Tuuran got up. The heart of the basilica was a colossal dome of enchanted glass and Scythian steel, crowned by a second much smaller dome of beaten gold and with a walkway around it. From that upper balcony Tuuran could see everything. He turned to Berren and gripped his shoulder. ‘Whatever I have to do,’ he said. ‘One way or another. Anyone, anything.’ He cocked his head. ‘You in there, Black Moon? You listening? Why not a dragon? Wouldn’t that be better? Tell me what I need to do to get my friend back and I’ll do it …’
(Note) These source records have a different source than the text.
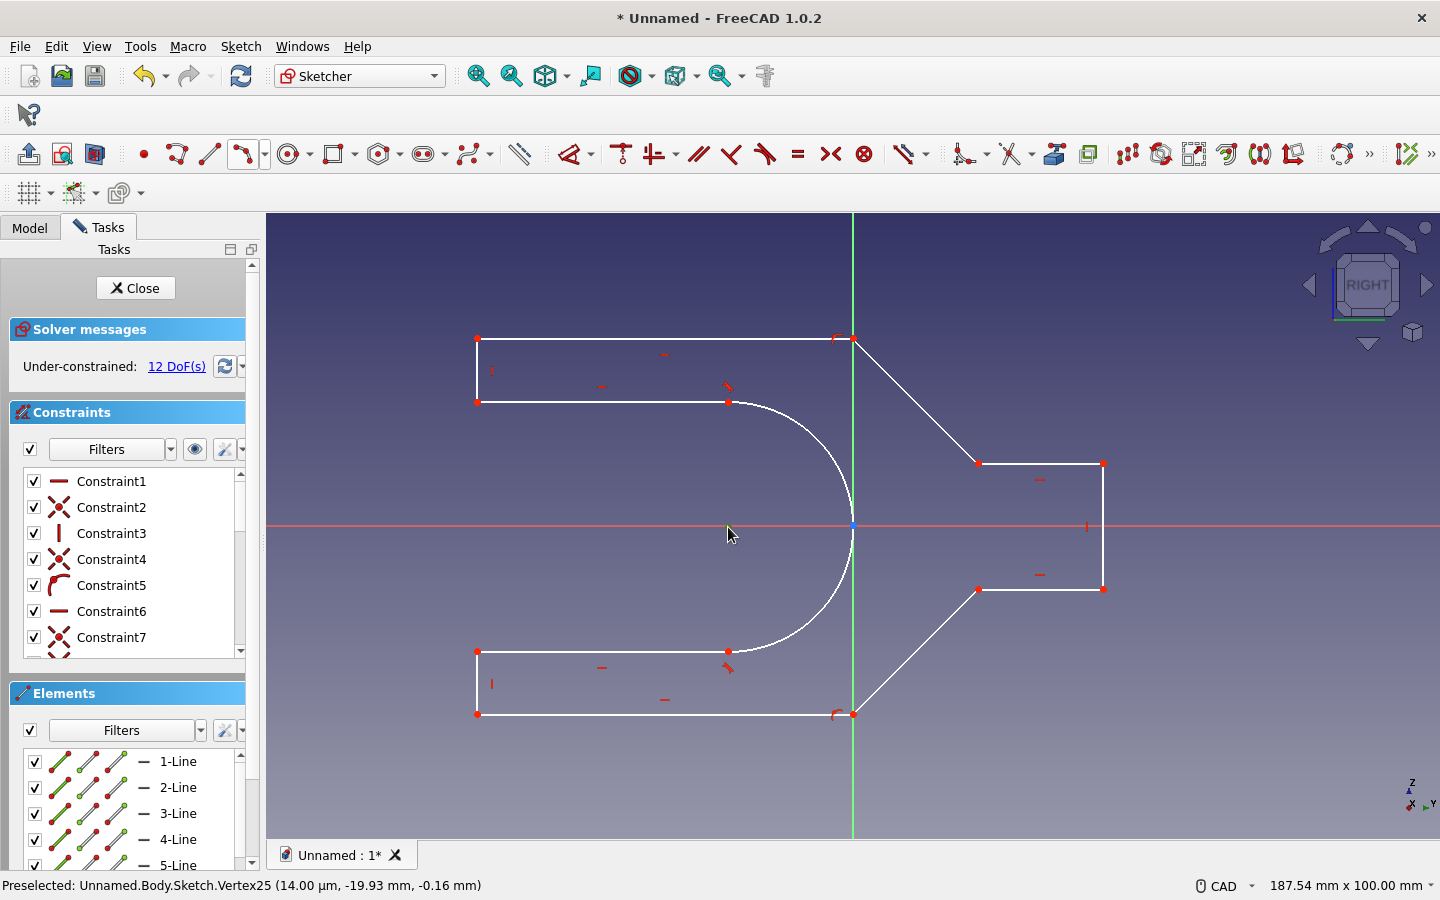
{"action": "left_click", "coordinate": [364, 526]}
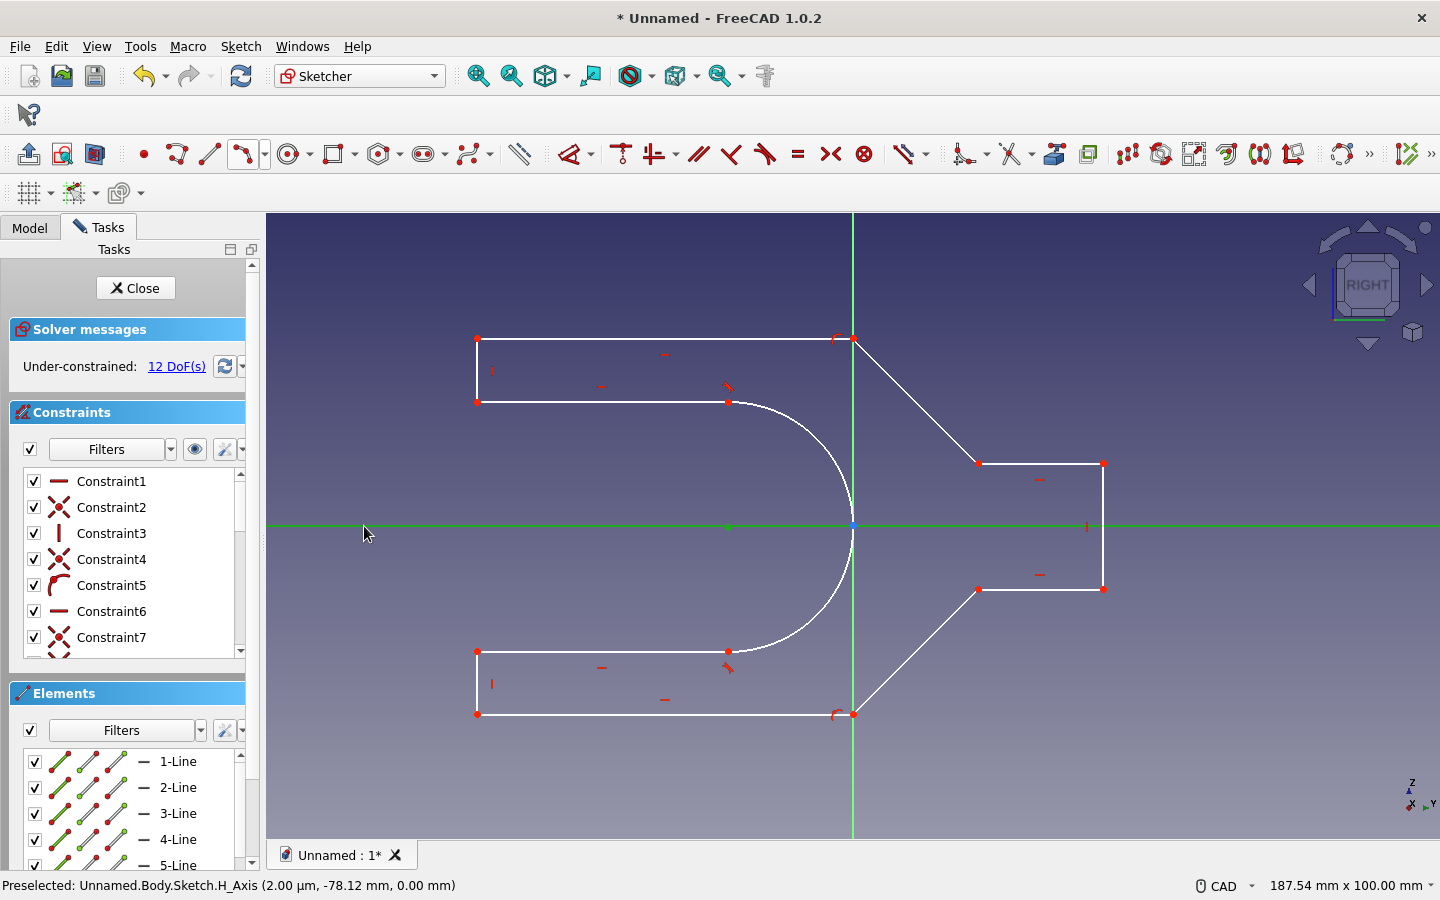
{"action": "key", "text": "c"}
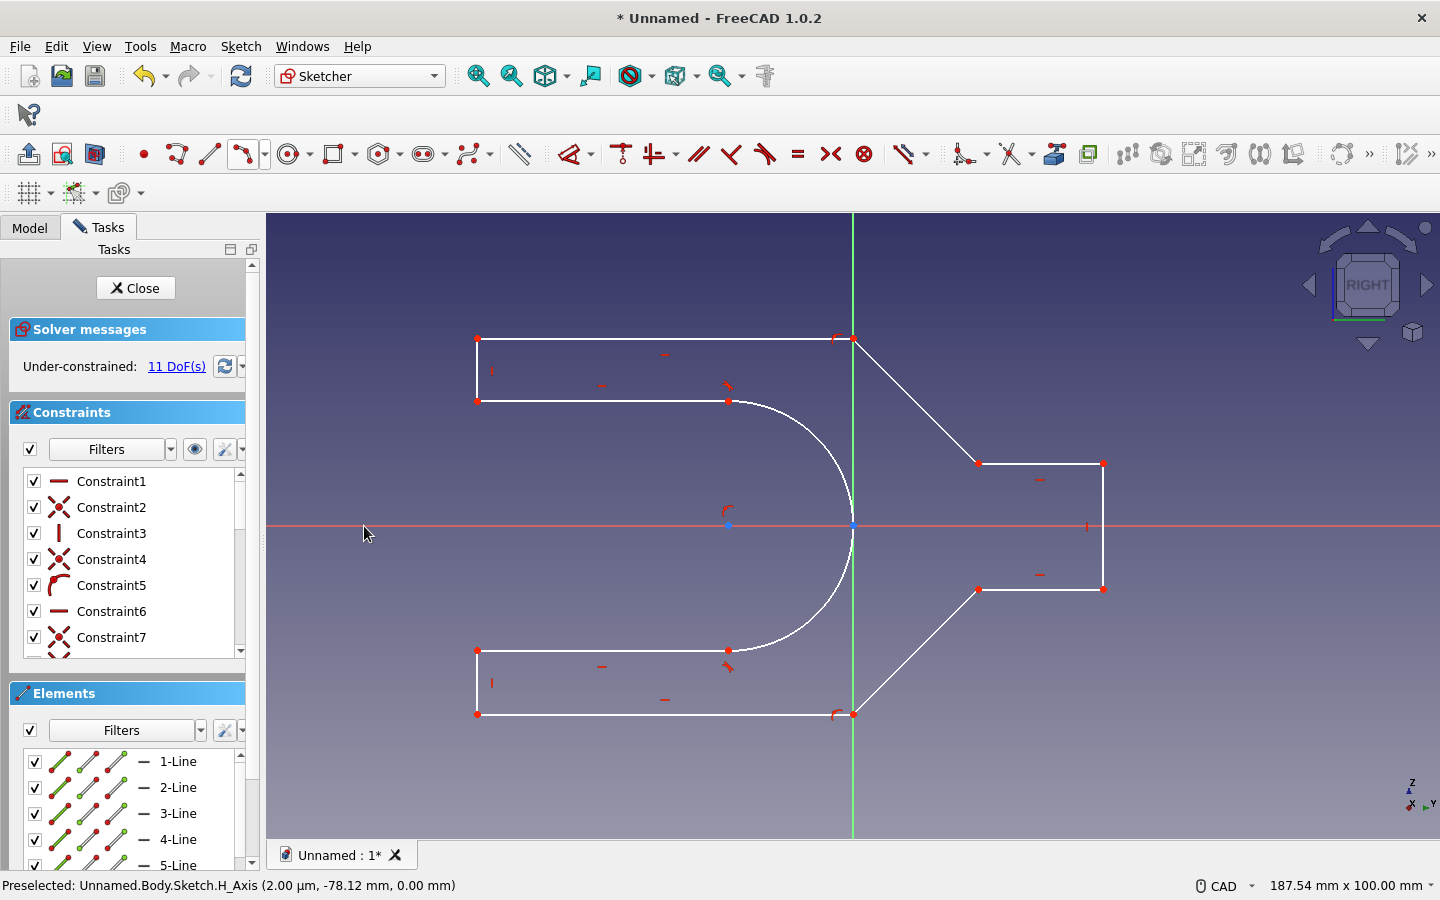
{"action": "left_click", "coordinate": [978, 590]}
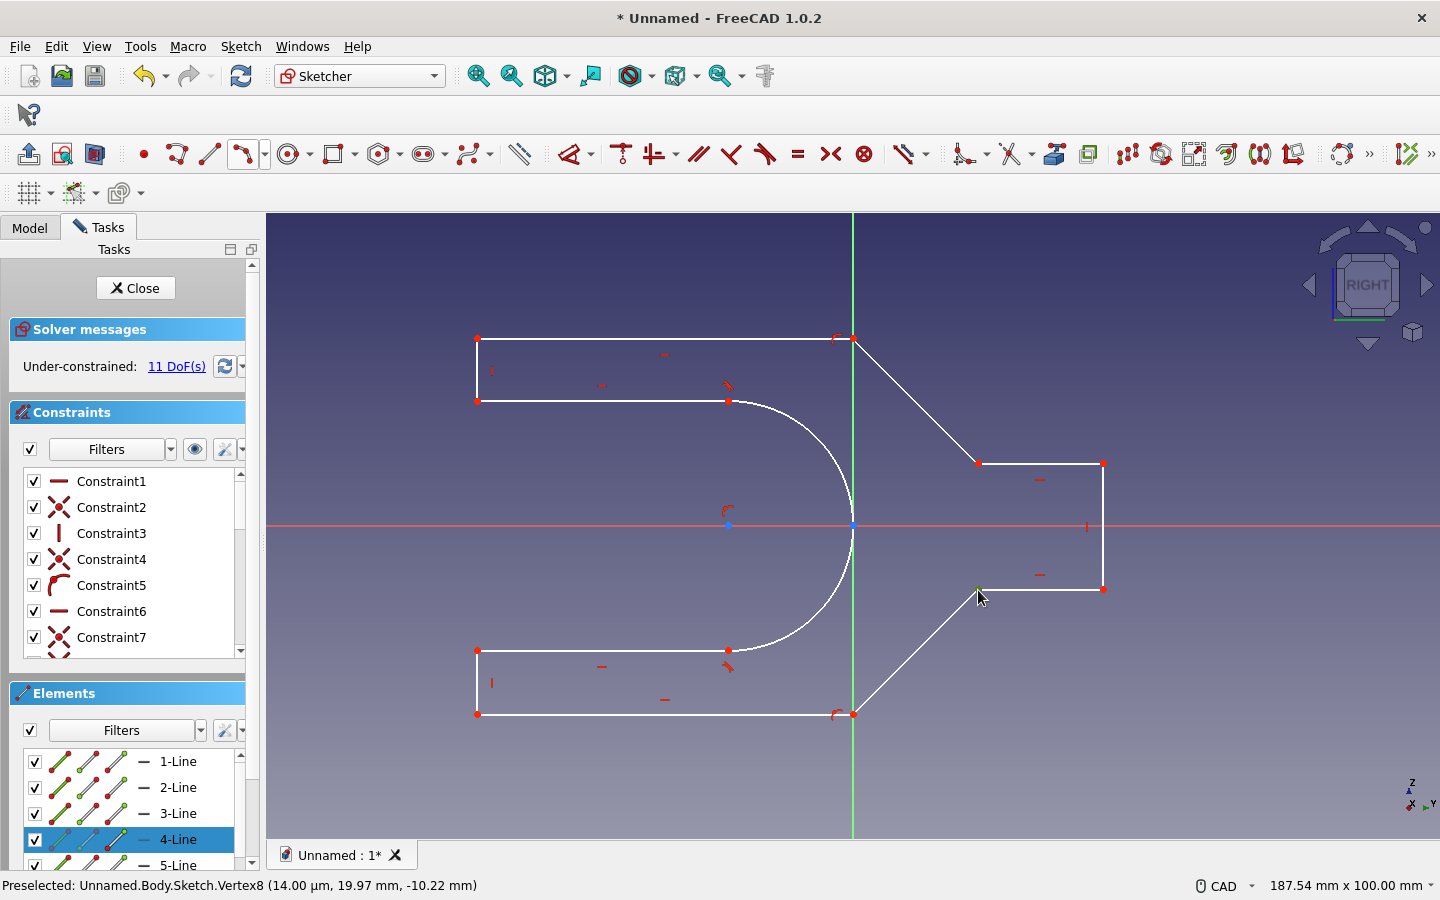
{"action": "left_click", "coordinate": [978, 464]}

A dazzling light burst from the sky, a beam straight from the sun. It smashed into one of the hatchlings. The dragon screamed and dropped away, wreathed in dazzling white flames, crashing into the city below. Tuuran caught a glimpse of it, burning, rampaging through the streets and setting fire to everything it touched before it melted and died. The silver in Berren’s eyes flickered.

‘You remember I told you a story once, how I went fighting for the Sun King to earn the money for my slave girl?’ Berren looked out over Merizikat. ‘Was here. And that was the sun priests of the Dominion bringing down the fire of their god …’ His expression changed to something painful. ‘Got to put to an end to that ­malarkey. He’s coming, big man. You really should go now.’ Berren’s eyes flared silver.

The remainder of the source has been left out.